Retrospective, non-randomized, cohort study. All patients known to have had scleral buckle removal from Wills Eye Institute and University of Alberta from 2000 to 2011 were identified. Additional inclusion criteria were the initial diagnosis of primary rhegmatogenous retinal detachment requiring scleral buckle surgery and minimum follow-up of 6 months after buckle removal. The exclusion criteria were the absence of clinical documentation or lack of follow-up.

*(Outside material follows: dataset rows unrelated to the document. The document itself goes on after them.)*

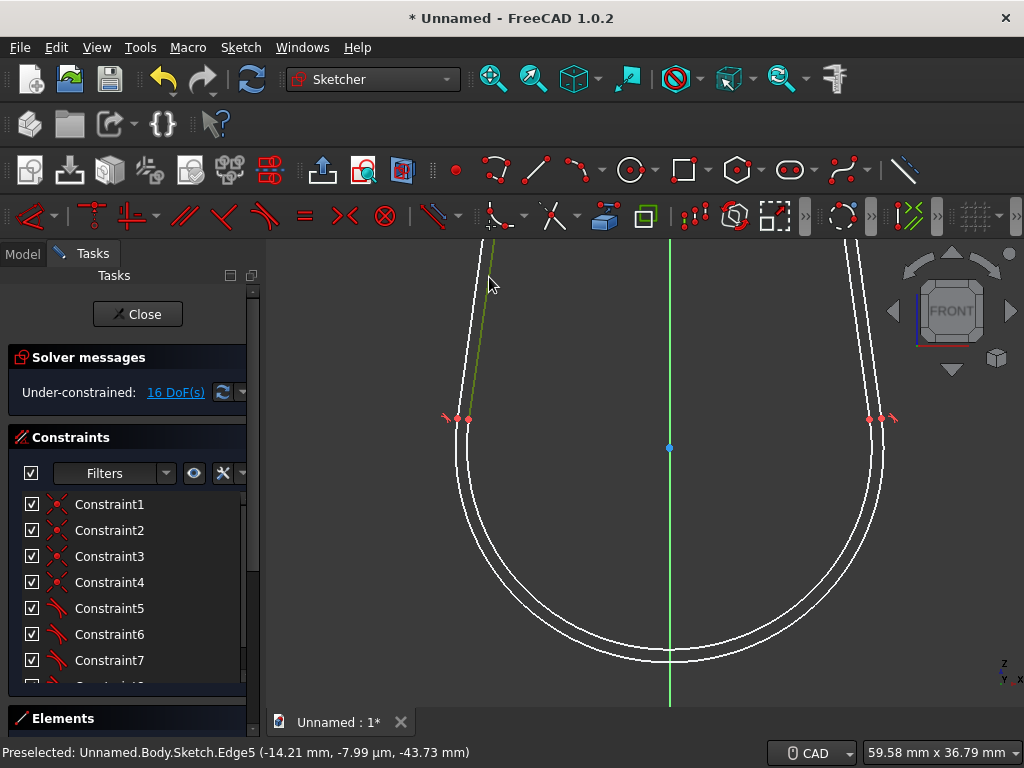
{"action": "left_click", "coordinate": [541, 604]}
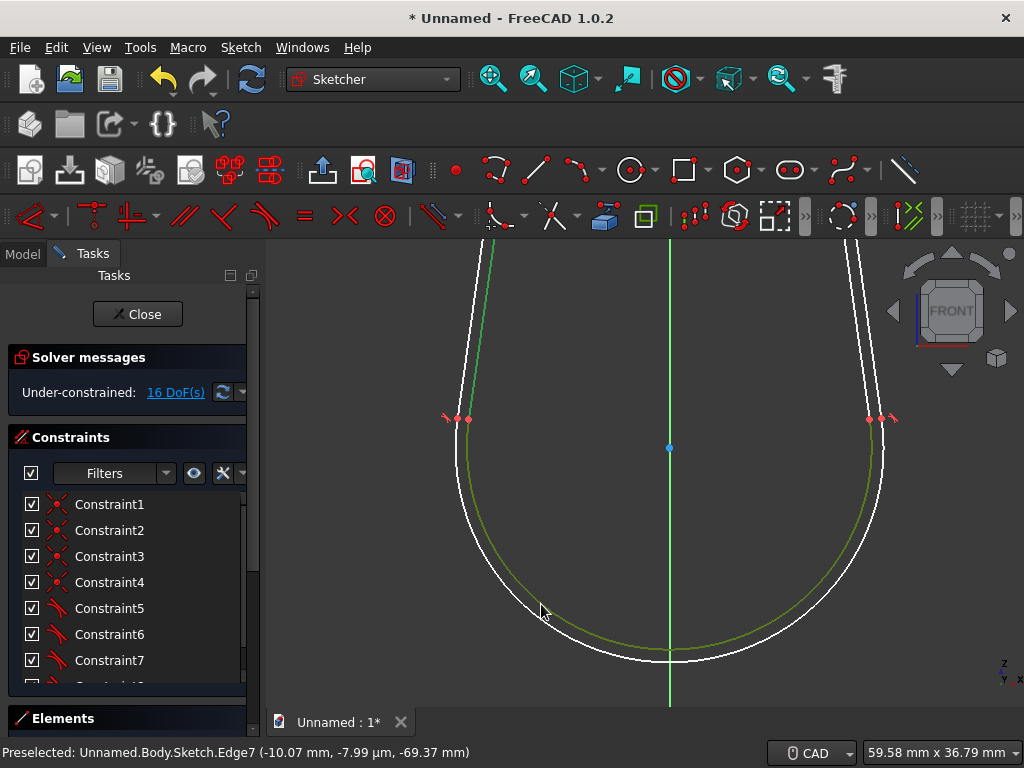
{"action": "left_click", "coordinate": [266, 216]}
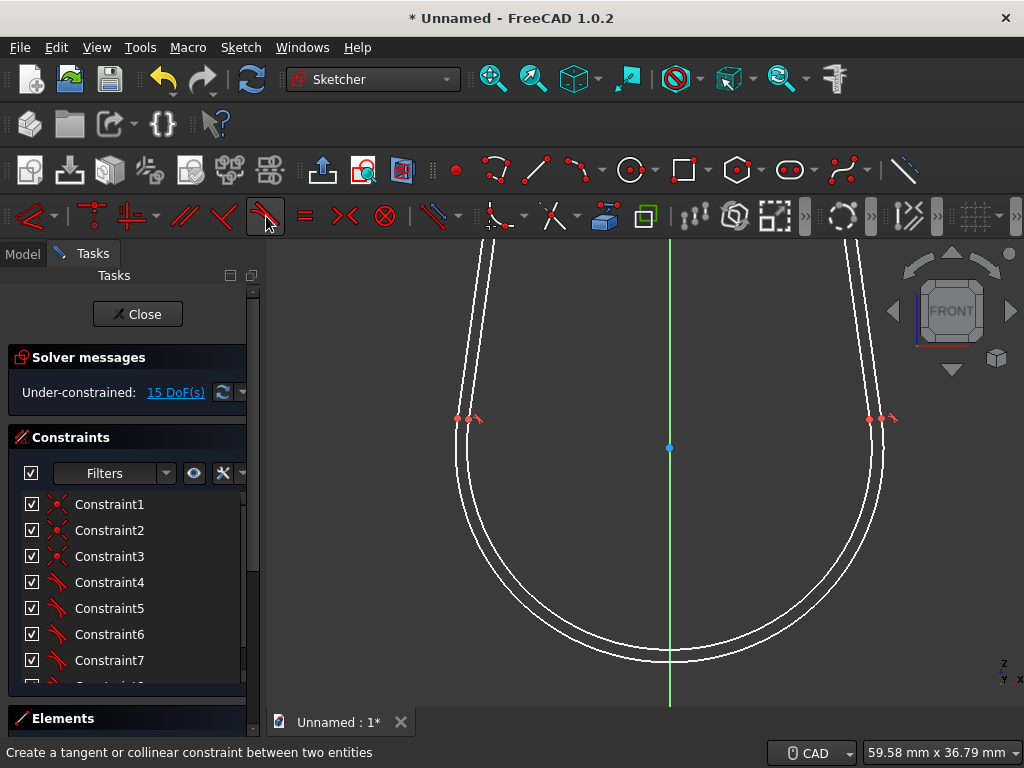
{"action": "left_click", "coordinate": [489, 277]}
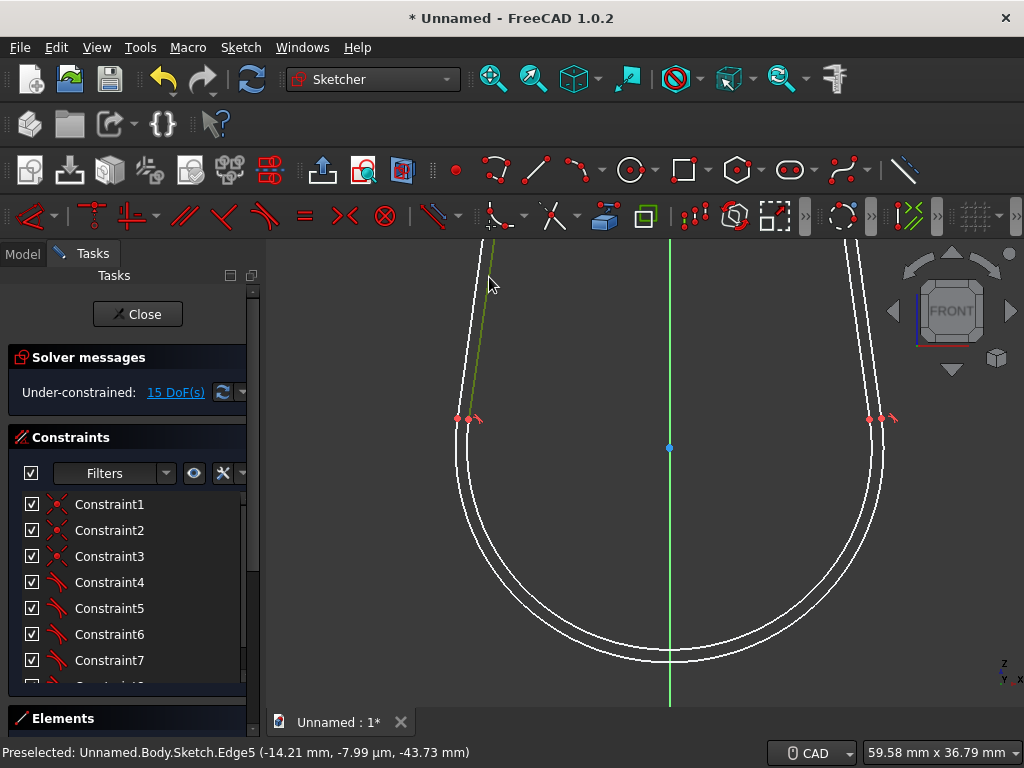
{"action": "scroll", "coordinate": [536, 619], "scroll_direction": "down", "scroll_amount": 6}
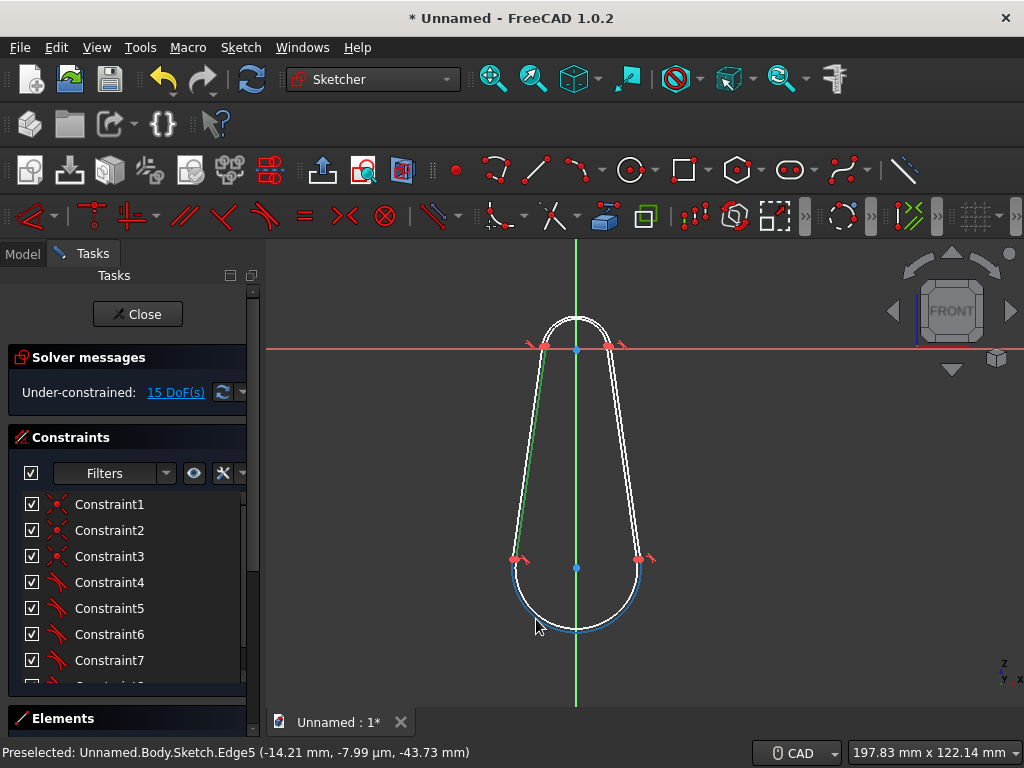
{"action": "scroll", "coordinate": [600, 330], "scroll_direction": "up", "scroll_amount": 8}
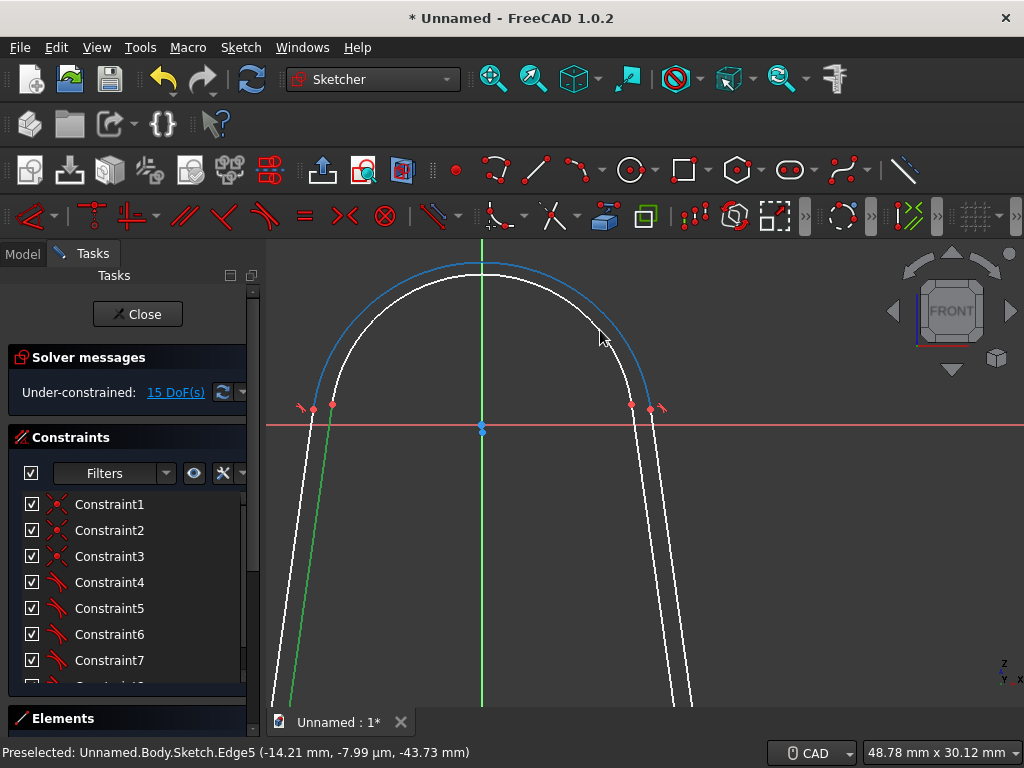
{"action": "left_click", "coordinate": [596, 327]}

Eighty-eight patients met criteria for inclusion in this study. Primary indications for scleral buckle removal were extrusion (75%, n=66), diplopia (7.9%, n=7), infection (6.8%, n=6), a combination of extrusion and infection (5.7%, n=5), and others (4.5%, n=4). Duration of implant significantly differed by type, with patients in the Band group having the shortest duration of implant (52 months, range 1-403 month), and those with Band plus Segment having the longest (114 months, range 7-285 months) (p=0.003). The group that received laser retinopexy at the time of scleral buckle removal had a re-detachment rate of 2.2%, whereas the group that did not receive laser had a re-deatchment rate of 4.6%. Using the Fisher exact test, we found no significant difference between the two (p=0.61).
Both groups had a low rate of recurrent retinal detachment after scleral buckle removal. Prophylactic laser did not appear to significantly reduce the rate of recurrent retinal detachment.